American computer scientist

Peter A. Freeman is the founding dean of Georgia Tech's College of Computing, a position he held from 1990 to 2002. Freeman was assistant director of the National Science Foundation from 2002 to 2007.

Freeman has been emeritus dean of the Georgia Tech College of Computing since 2007. He is currently the director of the Washington Advisory Group. Freeman is a Fellow of the Institute of Electrical and Electronics Engineers, the Association for Computing Machinery, and the American Association for the Advancement of Science.

==Education==
Freeman received a Bachelor of Arts in physics and mathematics from Rice University in 1963, a Master of Arts in mathematics and psychology from the University of Texas at Austin in 1965, and a Ph.D. in computer science from Carnegie Mellon University in 1970.

==Early career==
After graduation from Carnegie Mellon, Freeman was a researcher, professor, and administrator at the University of California, Irvine's Department of Information & Computer Science from 1971 to 1987, where he focused on artificial intelligence and software engineering research, funded primarily by the National Science Foundation. Freeman is one of the founders of software engineering education, starting a course on the subject in 1974. During the course of his career at UC Irvine, Freeman also administered the undergraduate and graduate programs and served as the department chair.

In 1987, Freeman became the director of the National Science Foundation's Division of Computer and Computation Research; in this post, he managed about $20 million in grants each year, and helped develop the High Performance Computing and Communications program.

For a year after his post at NSF, Freeman served as a Visiting Distinguished Professor at George Mason University (1989–1990) to assist in the creation of a computing program at that university.

==Recent career==
From 1992 to 1995, Freeman became the chief information officer of the Georgia Institute of Technology, and oversaw their Office of Information Technology (OIT) as it prepared for the 1996 Summer Olympics. At the time, OIT had an annual budget of $10 million.

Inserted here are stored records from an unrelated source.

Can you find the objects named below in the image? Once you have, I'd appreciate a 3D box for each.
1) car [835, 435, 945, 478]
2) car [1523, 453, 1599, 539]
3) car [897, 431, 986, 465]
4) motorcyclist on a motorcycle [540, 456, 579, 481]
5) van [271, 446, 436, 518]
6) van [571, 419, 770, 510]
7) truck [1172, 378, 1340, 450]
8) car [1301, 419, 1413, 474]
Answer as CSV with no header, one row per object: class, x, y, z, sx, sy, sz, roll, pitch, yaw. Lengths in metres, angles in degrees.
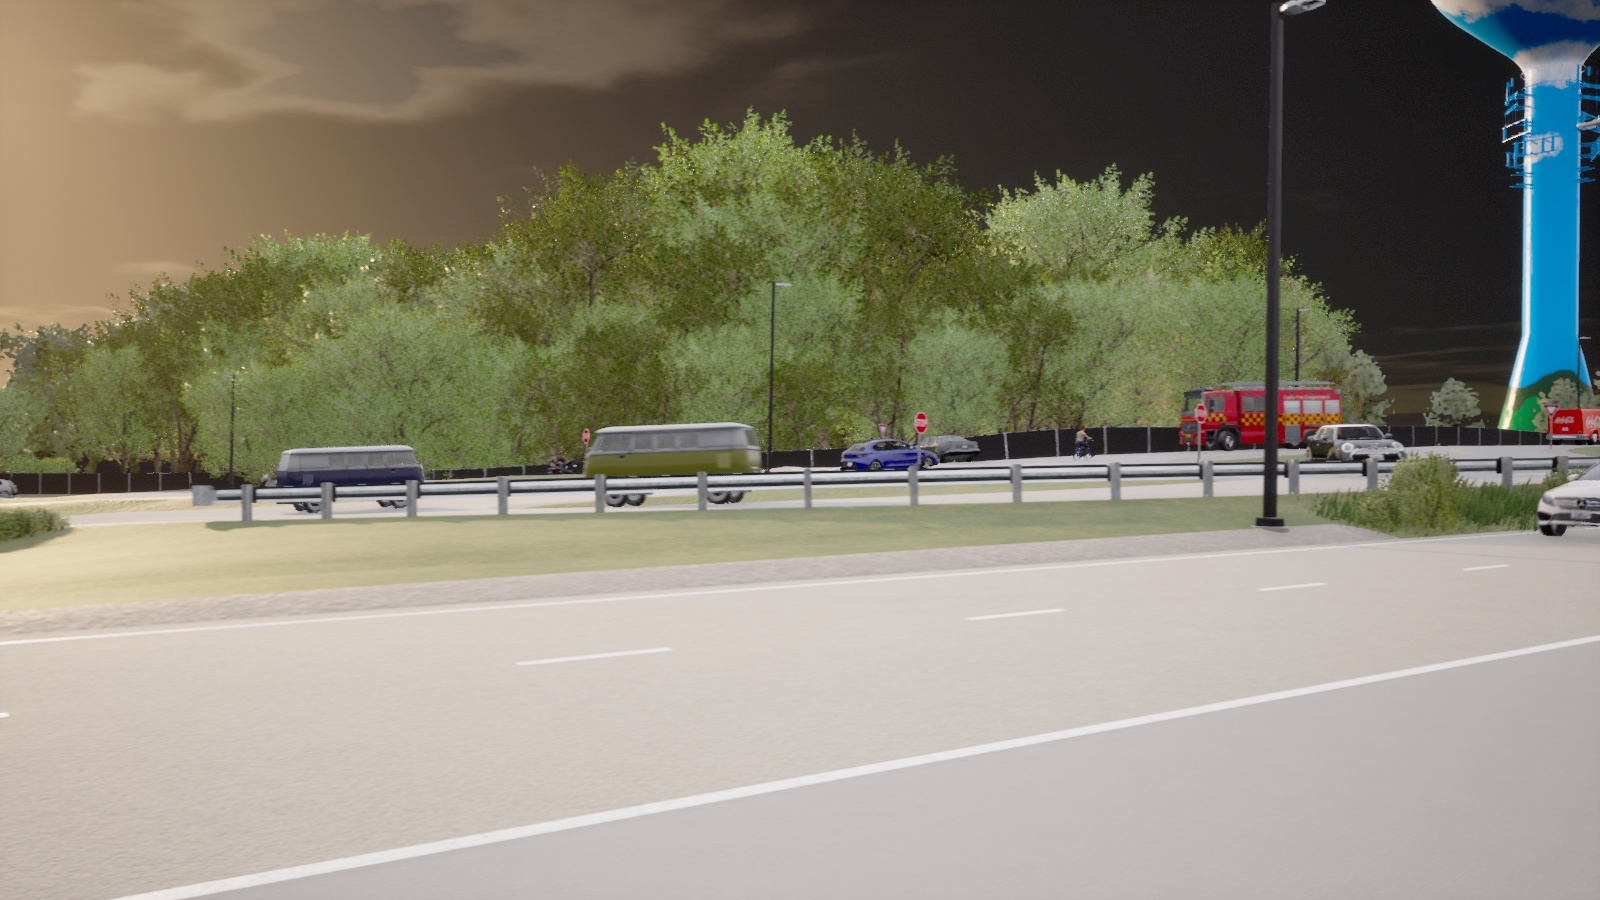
car,3.674,0.247,50.876,4.193,1.474,1.816,-4,2,-36
car,15.220,0.784,22.781,4.674,1.442,1.812,0,0,-35
car,6.908,-0.051,61.985,2.033,1.411,5.357,-2,-1,-22
motorcyclist on a motorcycle,-15.366,1.179,80.262,2.191,1.530,0.866,-3,-1,18
van,-13.809,0.936,38.940,4.442,1.987,1.775,-2,1,-34
van,-3.137,0.386,30.743,4.442,1.987,1.775,-2,-2,11
truck,25.635,-1.989,70.720,8.468,3.827,2.891,-1,0,-7
car,16.266,-0.130,36.859,1.970,1.475,3.806,-2,1,7

When Georgia Tech was reorganized in 1988 under the administration of John Patrick Crecine (see History of Georgia Tech), the School of Information and Computer Science was promoted to college status, on the same administrative level as Georgia Tech's mainstay, the College of Engineering. Thus the Georgia Tech College of Computing was created. Freeman was selected as the college's founding dean and oversaw the program's transition and subsequent rapid growth; he would hold this post until 2002. Under his administration, the school added three research centers (including the Georgia Tech Information Security Center), increased research funding from $2 million annually to $10 million annually, hired 55 faculty members, and secured millions in funding for the construction of the College of Computing Building.

From 2002 to 2007 Freeman was held the position of Georgia Tech professor while he served as one of seven assistant directors of the National Science Foundation. At NSF, he led the $1 billion Information Technology Research program, helped form the GENI Project, led the Cyber-enabled Discovery and Innovation Initiative, and led initiatives to revitalize computer science education and attract minorities to computing.

In 2007, Freeman was named Emeritus Dean of the Georgia Tech College of Computing; in this position he consults with current administrators, faculty, and students; gives lectures and writes op-eds promoting issues in computer science.

Since 2007, Freeman has been the director of the Washington Advisory Group, where he advises on policy issues related to secondary education and research in STEM fields to companies, universities, governments, and non-profit organizations.